* [Exercise requirements]: Work out how many lines below contain "pitch", then write only that number.

Dataset entries
%%
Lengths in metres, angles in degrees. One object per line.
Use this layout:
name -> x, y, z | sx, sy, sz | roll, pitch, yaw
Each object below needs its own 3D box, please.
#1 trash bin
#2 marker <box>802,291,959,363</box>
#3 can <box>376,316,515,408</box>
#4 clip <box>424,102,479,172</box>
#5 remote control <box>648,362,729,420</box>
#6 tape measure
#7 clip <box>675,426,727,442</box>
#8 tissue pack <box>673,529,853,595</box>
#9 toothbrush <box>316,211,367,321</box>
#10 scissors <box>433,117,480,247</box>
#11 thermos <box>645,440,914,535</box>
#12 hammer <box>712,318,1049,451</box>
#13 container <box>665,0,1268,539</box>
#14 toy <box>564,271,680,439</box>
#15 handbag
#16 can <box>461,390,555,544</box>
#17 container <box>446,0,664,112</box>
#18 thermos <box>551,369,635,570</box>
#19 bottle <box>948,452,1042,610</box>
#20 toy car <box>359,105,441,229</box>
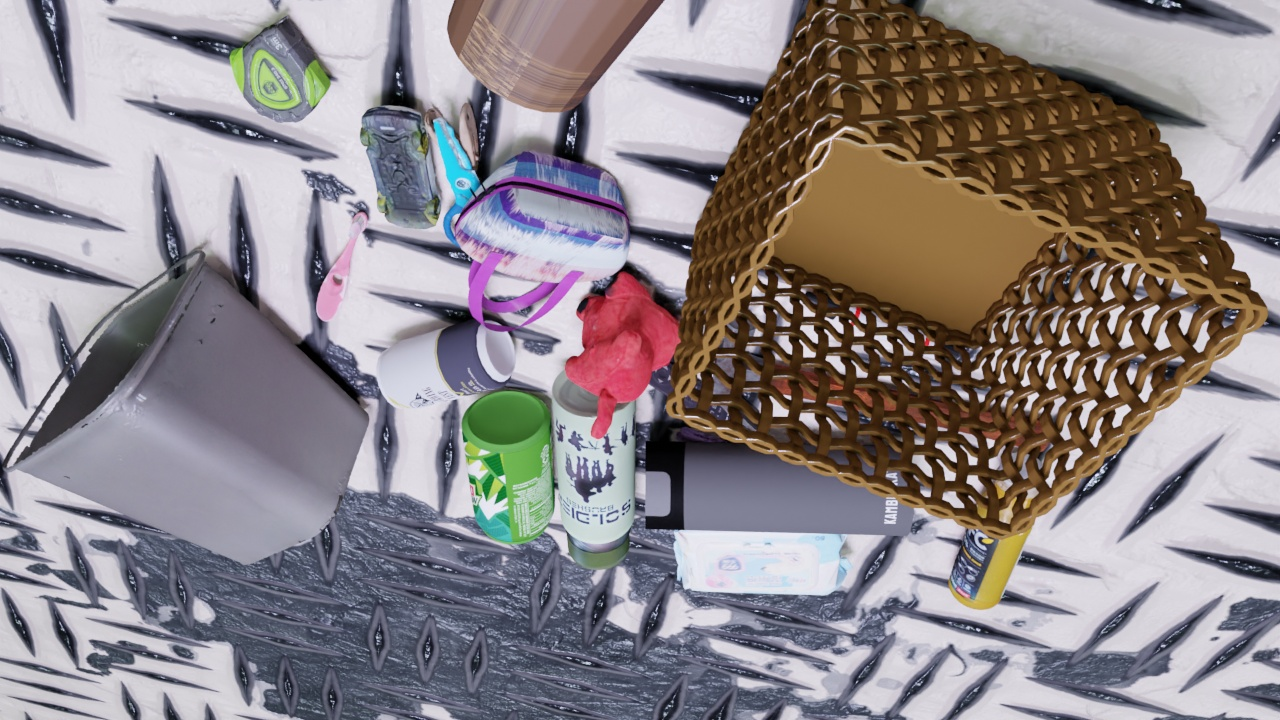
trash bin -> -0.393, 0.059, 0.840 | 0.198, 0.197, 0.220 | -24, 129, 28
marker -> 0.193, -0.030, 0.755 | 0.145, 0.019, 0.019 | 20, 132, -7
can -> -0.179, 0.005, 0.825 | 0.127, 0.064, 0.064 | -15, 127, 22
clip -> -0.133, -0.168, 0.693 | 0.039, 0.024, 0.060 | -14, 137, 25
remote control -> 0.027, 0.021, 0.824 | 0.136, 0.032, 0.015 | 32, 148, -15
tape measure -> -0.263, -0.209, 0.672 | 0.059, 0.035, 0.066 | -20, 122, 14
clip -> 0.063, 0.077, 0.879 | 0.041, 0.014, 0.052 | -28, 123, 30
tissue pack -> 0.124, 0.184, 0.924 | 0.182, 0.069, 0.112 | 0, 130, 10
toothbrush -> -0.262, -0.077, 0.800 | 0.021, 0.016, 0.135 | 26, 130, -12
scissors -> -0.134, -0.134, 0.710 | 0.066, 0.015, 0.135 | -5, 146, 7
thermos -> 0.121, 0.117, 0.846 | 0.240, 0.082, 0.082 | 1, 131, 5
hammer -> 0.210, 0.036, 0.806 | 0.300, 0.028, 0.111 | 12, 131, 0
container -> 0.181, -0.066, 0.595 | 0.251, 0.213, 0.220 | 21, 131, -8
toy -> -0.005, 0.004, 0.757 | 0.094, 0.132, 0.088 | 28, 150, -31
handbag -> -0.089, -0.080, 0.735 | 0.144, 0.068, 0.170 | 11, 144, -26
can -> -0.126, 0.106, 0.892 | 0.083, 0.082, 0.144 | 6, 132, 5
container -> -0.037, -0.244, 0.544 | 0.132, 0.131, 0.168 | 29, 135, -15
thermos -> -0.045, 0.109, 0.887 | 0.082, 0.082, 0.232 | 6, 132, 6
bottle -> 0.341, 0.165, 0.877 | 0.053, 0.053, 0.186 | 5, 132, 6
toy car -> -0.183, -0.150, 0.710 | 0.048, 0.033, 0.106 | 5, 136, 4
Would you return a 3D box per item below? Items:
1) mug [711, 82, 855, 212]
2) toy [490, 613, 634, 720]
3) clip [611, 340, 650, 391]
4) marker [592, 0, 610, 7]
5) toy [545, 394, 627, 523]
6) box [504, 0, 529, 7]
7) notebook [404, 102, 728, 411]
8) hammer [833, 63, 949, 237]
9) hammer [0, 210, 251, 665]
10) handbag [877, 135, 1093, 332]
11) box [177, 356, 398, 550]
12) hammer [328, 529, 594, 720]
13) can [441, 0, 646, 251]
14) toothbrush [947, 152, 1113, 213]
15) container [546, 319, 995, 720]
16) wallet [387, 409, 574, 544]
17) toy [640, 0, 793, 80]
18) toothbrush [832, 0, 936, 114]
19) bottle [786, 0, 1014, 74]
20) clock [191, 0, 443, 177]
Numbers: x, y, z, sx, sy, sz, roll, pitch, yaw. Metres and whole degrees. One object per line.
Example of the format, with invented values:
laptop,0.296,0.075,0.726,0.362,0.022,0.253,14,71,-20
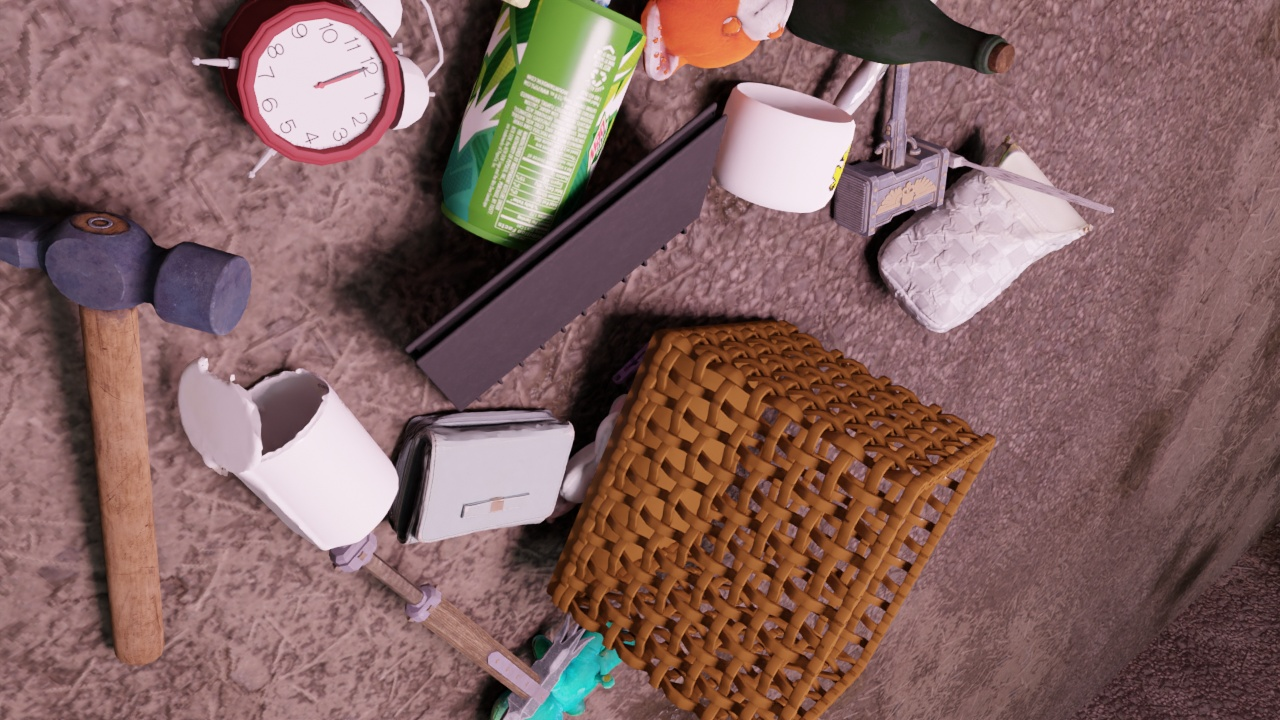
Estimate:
%%
* [Exercise response]: 2